# No more bank checks / bank cheques allowed in New Zealand



## Kingdragonfly (Apr 29, 2021)

New Zealand is know for experiments with banks.

Cheques / checks are going the way of the dodo bird. They are extinct in New Zealand.

So if you have a IRS stimulus check, or a paper bank draught, or god-forbid a personal check, you can forget about depositing it into a New Zealand (or Australia bank).

You _may_ have luck with Citibank or an Indian bank as they have have branches in Auckland only, but double check first.

A list of affected banks (basically any NZ bank with more than one branch)

ANZ -------- May 2021
ASB -------- August 2021
BNZ -------- July 2021
HSBC -------- June 2021
Rabobank -------- June 2021
The Co-operative bank -------- May 2021
TSB -------- June 2021
Westpac -------- June 2021
SBS -------- June 2021
*Stuff news*: Banks phasing out use of cheques is simply poor form

...
This isn’t a trivial issue. For most of us, cheques are a quaint relic, like public phones and Post Offices, that we still occasionally observe in the wild but have no use for. ANZ says fewer than one per cent of their customers used cheques regularly, and we can assume that this is a trend across all banks.

Yet for this small minority the ability to make payments with this antiquated method is incredibly useful. Many older Kiwis don’t have access to, or really understand, this internet thing that Al Gore invented back in the day.

Many rural banking customers are also displeased by this development, with Federated Farmers raising the issue of poor connectivity experienced by many of their members. A number of advocacy groups, such as Dyslexia Foundation and Blind Low Vision NZ (formerly the Blind Foundation), have also made submissions in opposition.
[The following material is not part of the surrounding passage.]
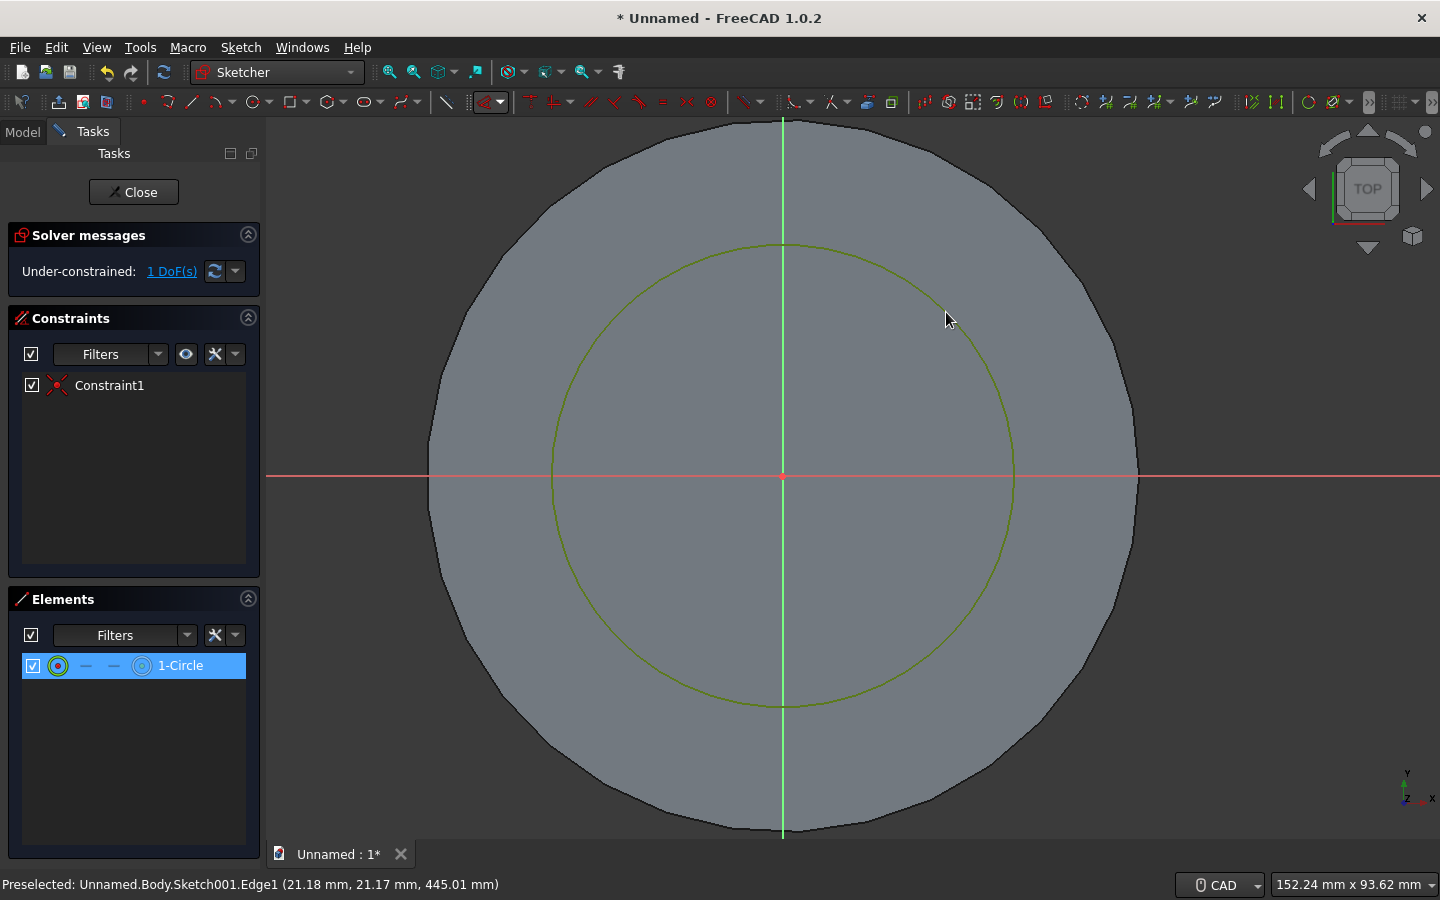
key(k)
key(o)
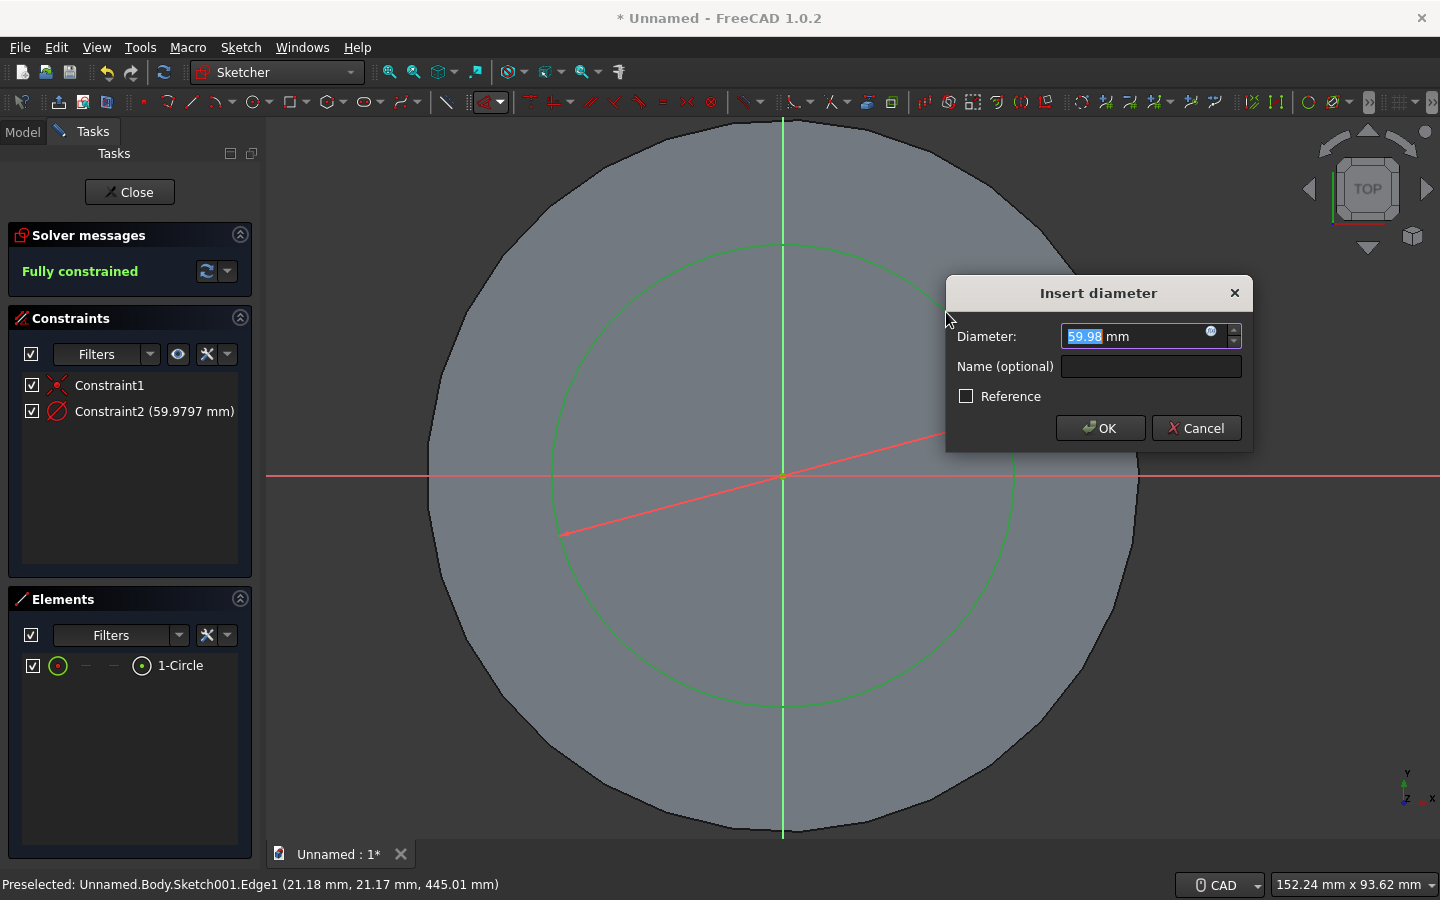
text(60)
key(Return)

It might seem unusual that profit-driven organisations such as our banks are moving away from servicing some of their customers in this way, but the economics probably make sense. The cost of processing hand-written cheques from a dwindling number of relatively low-value customers would be an easy expense to cut.

They should be entitled to do so, but just because you can do something doesn’t mean you should.
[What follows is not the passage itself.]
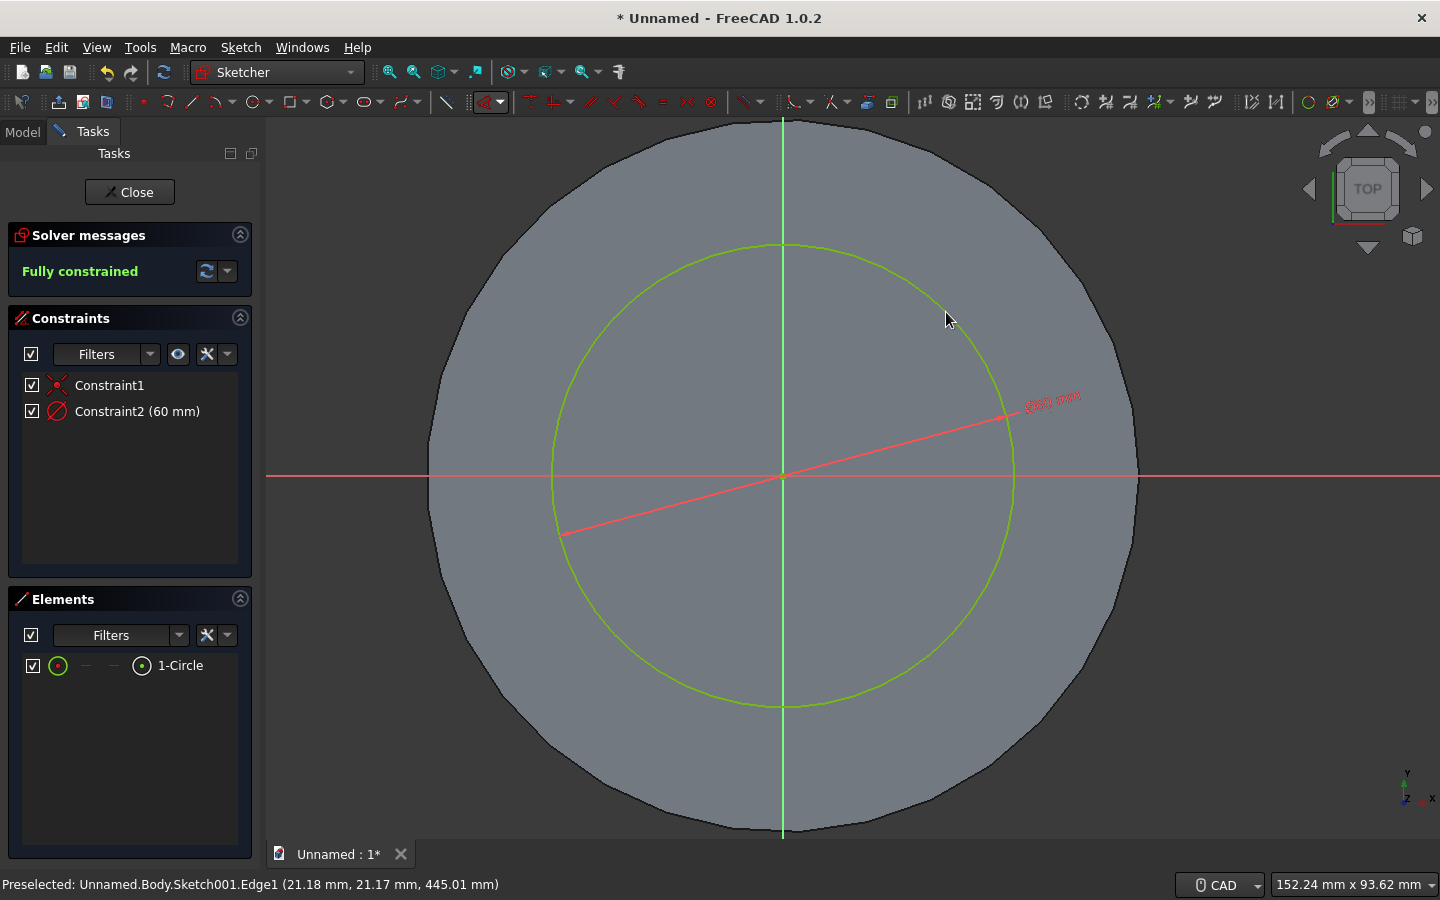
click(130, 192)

However, it pays to remember what a cheque is: nothing more than an instruction to your bank. There is nothing to prevent those impacted by this change utilising the method I adopted from my splendid isolation all those years ago, when I had access to neither a cheque book nor the internet.

If you have money in your bank, this is a debt that the bank owes you. They are a creditor, a custodian of your capital. If I wished to pay a bill, order a magazine or donate to an orphanage, I would write to my local bank with an instruction as to whom I wished to pay, the amount, and the bank account of the person to receive the money.
...


----------